• About this task
Locate the line that contains "#3 person <box>1098,21,1140,112</box>" in the data that follows. Copy it and every subsequent line to the end, exactly, excluding pictures.

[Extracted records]
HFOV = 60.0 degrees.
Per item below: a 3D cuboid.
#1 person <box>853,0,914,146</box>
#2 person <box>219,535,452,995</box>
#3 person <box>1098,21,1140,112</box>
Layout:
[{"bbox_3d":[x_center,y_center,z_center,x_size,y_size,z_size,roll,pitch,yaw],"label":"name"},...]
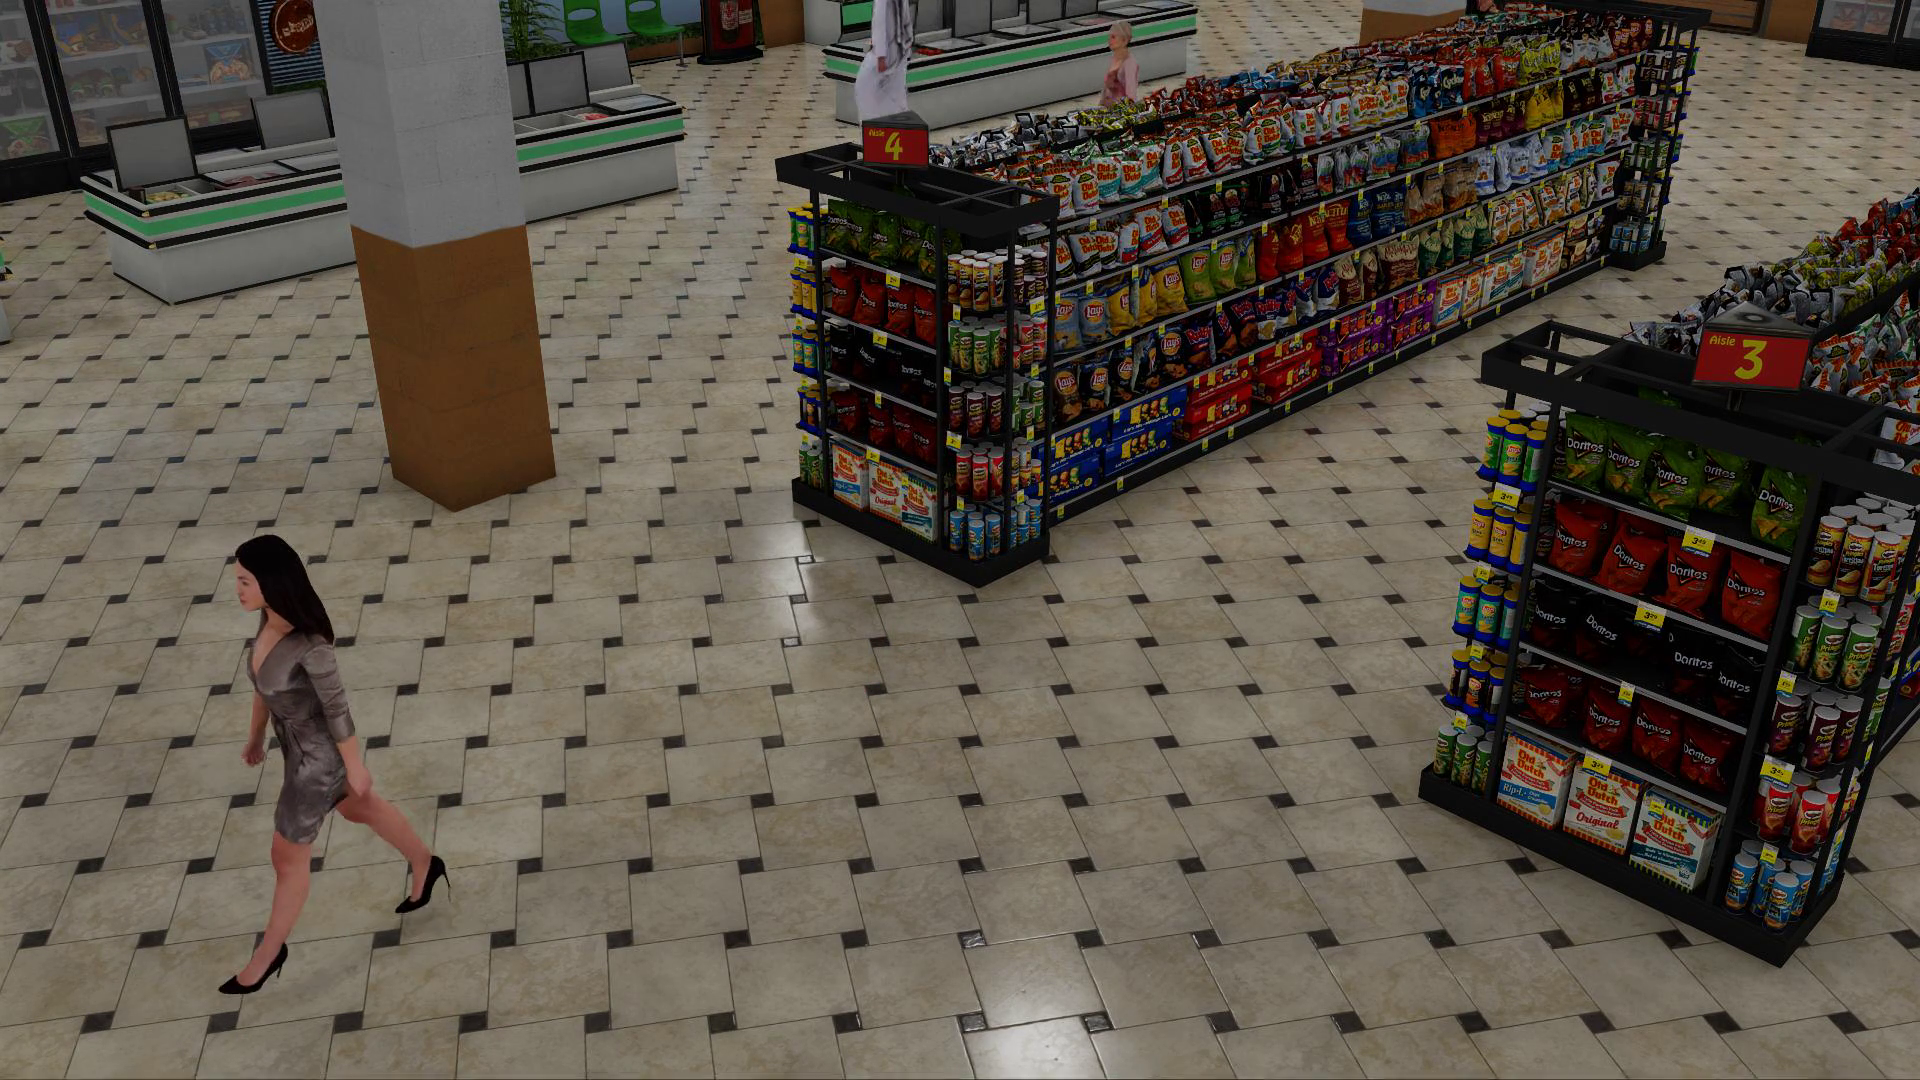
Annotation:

• Exercise solution
#3 person <box>1098,21,1140,112</box>
Layout:
[{"bbox_3d":[x_center,y_center,z_center,x_size,y_size,z_size,roll,pitch,yaw],"label":"name"},...]
Annotation:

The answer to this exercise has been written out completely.